Та крикнула откуда-то из глубины квартиры:
– Синий нет! Есть желтый!
– Синего нет! – несчастным голосом повторила Карина. – Только желтый! – Она смотрела на меня с мольбой, словно боясь, что теперь я откажусь взять ее с собой.
– Давай желтый…
Я собрала на затылке ее тонкие и пышные каштановые волосы, перевязала лентой, чуть отстранила ее, оценивая:
– Замечательно, мадмуазель… Ты какой язык учишь?

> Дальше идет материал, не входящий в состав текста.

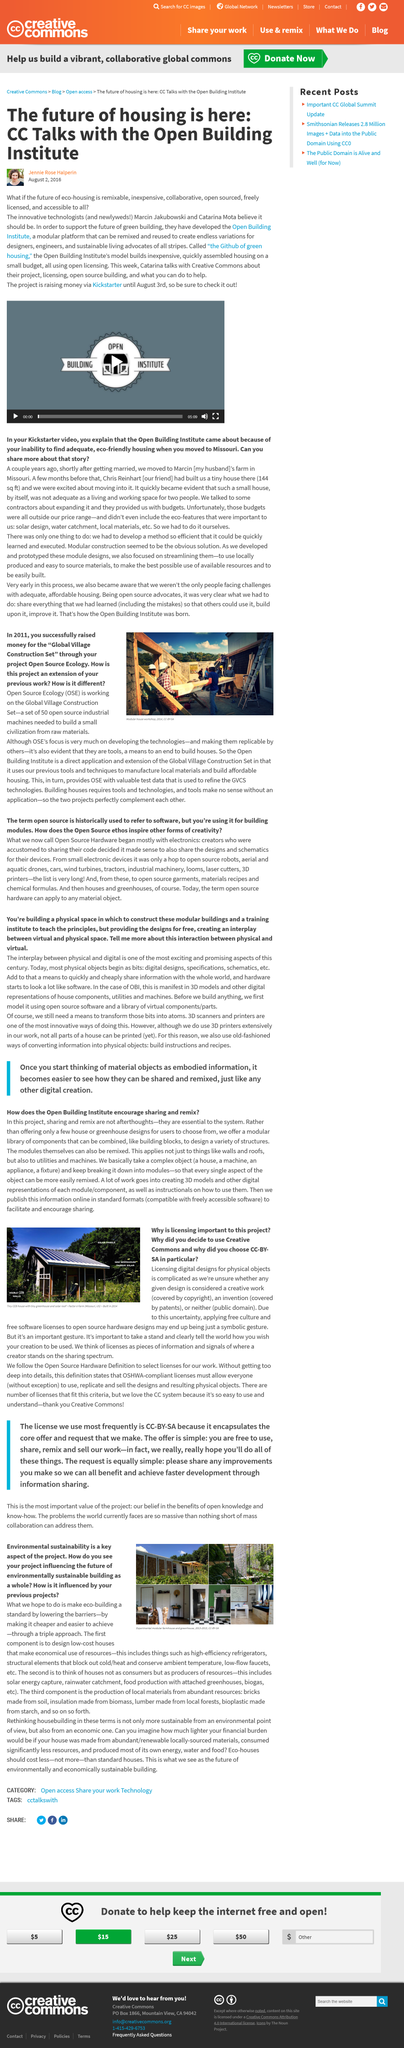List a handful of essential elements in this visual. The Open Building Institute is remixable, inexpensive, collaborative, open-sourced, freely licensed, and accessible to all, making it a powerful resource for promoting sustainable building practices and advancing the field of construction engineering. The Open Building Institute is a modular platform that enables designers, engineers, and sustainable living advocates to create endless variations through remixing and reusing its components. The project is expected to raise money until August 3rd.

– Немецкий! – сказала она, сияя.
– В таком случае – замечательно, фрейлейн… Я впервые видела эту девочку счастливой, и сейчас она была поразительно схожа с младшей, которая кружила возле нас и льнула то к сестре, то ко мне…
В записке я написала: «Уважаемый такой-то! Я повела Карину на концерт классической музыки. Это необходимо для ее развития». Потом перечитала записку, перед словом «развития» всадила глубокий клин и приписала в нем сверху «эстетического».
…Трамвай подъехал к остановке, мы вышли, и я увидела свою школу – она стояла торцом к дороге. Как и прежде, сюда, на остановку, долетали сумбурные наплывы звуков.
– Десять лет…
– Что? – спросила Карина.
– Говорю, десять лет не была в своей школе, – сказала я. – Ну, пойдем…
Торжество начиналось очень торжественно, и в огромном вестибюле, медленно продираясь через объятия, рукопожатия, приветствия, улыбки, обещания встретиться, натыкаясь на расставленные повсюду корзины цветов, я крепко сжимала ладошку Карины.
В зале мы сели на моем любимом месте – в амфитеатре, с краю. Высокие, отполированные сотнями детских рук перила закрывали нас от входящих в зал. Карина вертелась в кресле, вскакивала, всему удивлялась и громко задавала вопросы:
– А тот седой дядька с палкой – кто? А вон та лохматая женщина?
Меня увидела зав. фортепианным отделом, узнала, закивала издали постаревшим шопеновским профилем. Я поднялась и пошла ей навстречу.
– Рада, очень рада, что ты пришла, – с одышкой проговорила она. – Давно тебя не видела… Говорят, ты пишешь? Печатаешься?.. Музыку совсем забросила? Жаль, ты была музыкальной девочкой…
Я вернулась на место и сказала Карине:
– Потерпи. Сейчас начнется торжественная часть, вручат грамоты, а потом будет концерт учеников.